Could you find every line in the records below that contains the word "border" and copy it?

Data to examine section start

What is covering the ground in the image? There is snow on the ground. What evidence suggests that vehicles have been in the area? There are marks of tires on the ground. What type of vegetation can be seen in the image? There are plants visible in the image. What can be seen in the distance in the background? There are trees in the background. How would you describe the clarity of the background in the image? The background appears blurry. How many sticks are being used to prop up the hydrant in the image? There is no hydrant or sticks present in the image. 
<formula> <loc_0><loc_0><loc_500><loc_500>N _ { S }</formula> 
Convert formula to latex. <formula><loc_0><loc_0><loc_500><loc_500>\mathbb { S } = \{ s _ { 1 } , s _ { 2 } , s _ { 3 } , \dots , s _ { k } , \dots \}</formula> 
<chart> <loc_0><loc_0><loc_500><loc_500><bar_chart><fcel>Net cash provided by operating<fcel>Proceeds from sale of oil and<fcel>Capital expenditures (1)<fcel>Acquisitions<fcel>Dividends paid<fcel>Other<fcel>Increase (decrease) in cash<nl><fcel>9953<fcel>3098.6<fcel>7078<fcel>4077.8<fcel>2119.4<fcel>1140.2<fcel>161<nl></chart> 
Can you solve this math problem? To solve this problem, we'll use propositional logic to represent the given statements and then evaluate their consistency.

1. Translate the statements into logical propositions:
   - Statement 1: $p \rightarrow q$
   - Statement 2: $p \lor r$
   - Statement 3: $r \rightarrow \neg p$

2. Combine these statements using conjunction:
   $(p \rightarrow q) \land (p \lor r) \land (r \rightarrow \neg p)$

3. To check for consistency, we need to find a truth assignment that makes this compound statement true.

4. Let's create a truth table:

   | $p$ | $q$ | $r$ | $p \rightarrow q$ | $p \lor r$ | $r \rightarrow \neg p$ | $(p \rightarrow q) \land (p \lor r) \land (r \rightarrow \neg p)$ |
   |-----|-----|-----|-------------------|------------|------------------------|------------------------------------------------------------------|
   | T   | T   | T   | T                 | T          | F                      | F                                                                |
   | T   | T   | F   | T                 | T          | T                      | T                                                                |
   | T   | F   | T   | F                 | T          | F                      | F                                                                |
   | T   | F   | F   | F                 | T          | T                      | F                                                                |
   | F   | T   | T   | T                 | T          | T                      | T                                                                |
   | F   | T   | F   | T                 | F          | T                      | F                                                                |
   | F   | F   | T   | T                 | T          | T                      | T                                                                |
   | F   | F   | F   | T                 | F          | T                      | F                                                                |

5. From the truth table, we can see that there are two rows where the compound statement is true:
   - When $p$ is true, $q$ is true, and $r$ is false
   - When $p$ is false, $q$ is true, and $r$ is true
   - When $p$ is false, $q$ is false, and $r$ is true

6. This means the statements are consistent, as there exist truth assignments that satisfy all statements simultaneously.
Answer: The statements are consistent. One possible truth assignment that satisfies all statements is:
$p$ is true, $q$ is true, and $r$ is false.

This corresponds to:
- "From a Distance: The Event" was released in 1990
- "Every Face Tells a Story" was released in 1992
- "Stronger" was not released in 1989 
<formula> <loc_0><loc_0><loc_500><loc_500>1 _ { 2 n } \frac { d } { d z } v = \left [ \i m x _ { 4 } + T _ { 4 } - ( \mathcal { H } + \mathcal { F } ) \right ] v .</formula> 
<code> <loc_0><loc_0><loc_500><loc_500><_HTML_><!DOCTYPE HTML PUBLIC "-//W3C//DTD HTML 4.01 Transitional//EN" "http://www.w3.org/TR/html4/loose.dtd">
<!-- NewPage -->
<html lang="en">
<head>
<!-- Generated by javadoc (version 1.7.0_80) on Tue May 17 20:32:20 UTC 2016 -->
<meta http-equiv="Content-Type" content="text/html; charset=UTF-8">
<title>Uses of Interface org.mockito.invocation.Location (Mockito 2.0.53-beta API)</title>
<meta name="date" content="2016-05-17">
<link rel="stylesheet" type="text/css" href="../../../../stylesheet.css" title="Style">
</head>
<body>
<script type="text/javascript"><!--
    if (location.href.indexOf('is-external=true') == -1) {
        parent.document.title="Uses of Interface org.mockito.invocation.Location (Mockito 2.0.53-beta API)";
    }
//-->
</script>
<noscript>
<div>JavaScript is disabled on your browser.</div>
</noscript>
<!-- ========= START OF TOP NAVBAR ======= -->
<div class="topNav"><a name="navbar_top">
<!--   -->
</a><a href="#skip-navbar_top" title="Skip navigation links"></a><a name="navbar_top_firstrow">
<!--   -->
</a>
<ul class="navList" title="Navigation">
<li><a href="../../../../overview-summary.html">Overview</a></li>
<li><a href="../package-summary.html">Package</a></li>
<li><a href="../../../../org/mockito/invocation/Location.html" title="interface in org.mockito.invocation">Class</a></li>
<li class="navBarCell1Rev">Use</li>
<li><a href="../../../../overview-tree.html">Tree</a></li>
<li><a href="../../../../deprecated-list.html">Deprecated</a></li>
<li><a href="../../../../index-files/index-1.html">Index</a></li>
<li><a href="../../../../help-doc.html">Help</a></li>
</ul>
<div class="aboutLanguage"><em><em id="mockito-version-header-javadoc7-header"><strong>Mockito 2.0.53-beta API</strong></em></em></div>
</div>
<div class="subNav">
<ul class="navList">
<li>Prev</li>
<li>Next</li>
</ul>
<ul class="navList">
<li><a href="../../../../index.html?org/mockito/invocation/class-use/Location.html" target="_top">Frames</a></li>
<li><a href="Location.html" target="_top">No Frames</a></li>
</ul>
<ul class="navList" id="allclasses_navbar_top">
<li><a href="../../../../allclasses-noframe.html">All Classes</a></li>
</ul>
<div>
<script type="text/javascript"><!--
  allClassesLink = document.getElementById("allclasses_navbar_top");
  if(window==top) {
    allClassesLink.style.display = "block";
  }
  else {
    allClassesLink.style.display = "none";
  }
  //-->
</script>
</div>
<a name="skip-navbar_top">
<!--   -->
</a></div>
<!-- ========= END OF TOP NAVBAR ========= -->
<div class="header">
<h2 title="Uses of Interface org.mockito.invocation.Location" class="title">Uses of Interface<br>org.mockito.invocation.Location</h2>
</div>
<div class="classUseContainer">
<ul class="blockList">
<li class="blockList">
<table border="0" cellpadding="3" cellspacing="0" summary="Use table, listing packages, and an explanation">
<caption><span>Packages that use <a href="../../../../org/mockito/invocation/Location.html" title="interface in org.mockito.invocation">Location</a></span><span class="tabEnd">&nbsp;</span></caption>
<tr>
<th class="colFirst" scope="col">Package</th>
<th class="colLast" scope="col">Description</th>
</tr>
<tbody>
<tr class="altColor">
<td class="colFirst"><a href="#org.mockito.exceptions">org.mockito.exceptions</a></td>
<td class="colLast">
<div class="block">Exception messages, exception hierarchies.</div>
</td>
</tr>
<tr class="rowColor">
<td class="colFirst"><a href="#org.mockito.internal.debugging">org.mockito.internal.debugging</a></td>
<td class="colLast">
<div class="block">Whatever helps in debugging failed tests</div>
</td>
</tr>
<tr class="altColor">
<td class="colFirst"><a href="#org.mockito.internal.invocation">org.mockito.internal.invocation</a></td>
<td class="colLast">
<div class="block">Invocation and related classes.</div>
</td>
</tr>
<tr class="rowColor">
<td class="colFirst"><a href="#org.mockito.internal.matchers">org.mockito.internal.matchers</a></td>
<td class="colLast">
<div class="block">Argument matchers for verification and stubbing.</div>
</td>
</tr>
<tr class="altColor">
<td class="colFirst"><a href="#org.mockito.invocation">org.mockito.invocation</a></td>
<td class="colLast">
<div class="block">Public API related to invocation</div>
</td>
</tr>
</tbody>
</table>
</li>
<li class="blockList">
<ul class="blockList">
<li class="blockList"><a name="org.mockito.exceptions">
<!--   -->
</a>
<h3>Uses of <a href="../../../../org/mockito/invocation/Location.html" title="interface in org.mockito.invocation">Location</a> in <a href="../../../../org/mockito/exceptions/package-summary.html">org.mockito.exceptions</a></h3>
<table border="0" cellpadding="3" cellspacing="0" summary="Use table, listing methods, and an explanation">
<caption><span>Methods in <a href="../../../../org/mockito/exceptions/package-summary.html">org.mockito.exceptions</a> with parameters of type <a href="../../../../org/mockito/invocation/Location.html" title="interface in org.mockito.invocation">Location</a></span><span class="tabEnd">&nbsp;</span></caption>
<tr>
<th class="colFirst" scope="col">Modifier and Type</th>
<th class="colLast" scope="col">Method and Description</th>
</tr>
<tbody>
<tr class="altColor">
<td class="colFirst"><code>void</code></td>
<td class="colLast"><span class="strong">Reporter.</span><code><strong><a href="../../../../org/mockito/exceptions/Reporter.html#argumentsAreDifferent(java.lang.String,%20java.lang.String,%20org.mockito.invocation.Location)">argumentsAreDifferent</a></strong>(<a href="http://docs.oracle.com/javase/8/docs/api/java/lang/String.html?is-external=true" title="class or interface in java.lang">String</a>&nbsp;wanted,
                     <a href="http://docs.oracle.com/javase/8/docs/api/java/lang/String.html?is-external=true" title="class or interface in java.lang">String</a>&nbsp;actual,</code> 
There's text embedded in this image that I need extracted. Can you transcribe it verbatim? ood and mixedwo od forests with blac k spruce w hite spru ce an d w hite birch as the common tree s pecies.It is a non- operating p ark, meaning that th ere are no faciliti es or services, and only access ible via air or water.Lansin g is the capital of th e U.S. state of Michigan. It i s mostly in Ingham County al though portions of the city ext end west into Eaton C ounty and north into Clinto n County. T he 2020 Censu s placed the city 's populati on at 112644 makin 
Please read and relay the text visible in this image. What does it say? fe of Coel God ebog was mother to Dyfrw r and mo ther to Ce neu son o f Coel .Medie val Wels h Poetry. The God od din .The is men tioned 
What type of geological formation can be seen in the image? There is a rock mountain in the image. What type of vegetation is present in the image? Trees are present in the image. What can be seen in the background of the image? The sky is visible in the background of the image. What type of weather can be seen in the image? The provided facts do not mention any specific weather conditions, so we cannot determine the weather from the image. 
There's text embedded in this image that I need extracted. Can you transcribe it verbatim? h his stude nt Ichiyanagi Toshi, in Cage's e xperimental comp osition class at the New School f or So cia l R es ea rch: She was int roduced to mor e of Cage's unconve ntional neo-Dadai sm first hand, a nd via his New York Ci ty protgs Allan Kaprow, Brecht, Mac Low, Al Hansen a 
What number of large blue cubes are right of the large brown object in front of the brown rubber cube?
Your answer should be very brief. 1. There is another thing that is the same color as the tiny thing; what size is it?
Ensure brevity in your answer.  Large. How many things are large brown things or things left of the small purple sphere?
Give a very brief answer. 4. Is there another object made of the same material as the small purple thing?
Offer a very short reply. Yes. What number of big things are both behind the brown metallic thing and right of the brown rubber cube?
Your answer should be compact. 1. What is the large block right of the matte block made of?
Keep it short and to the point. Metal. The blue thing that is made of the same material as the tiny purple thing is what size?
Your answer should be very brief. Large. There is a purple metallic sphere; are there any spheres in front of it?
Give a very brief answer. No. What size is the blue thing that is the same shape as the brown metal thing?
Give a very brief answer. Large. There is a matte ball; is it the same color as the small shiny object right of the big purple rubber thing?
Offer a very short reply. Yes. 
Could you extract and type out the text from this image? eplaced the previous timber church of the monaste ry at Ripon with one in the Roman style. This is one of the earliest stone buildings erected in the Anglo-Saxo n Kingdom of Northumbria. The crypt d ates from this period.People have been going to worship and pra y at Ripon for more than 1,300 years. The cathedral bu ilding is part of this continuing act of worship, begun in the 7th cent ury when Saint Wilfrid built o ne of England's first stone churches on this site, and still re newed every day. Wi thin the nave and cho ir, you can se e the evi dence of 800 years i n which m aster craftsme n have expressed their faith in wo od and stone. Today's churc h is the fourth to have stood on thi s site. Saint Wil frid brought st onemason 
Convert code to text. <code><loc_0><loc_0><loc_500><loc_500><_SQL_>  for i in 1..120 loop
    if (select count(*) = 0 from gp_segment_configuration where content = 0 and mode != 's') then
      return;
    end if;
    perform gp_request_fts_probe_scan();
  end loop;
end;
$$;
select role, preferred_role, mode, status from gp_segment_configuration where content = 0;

Data to examine section end

### [Problem solution]
<table border="0" cellpadding="3" cellspacing="0" summary="Use table, listing packages, and an explanation">
<table border="0" cellpadding="3" cellspacing="0" summary="Use table, listing methods, and an explanation">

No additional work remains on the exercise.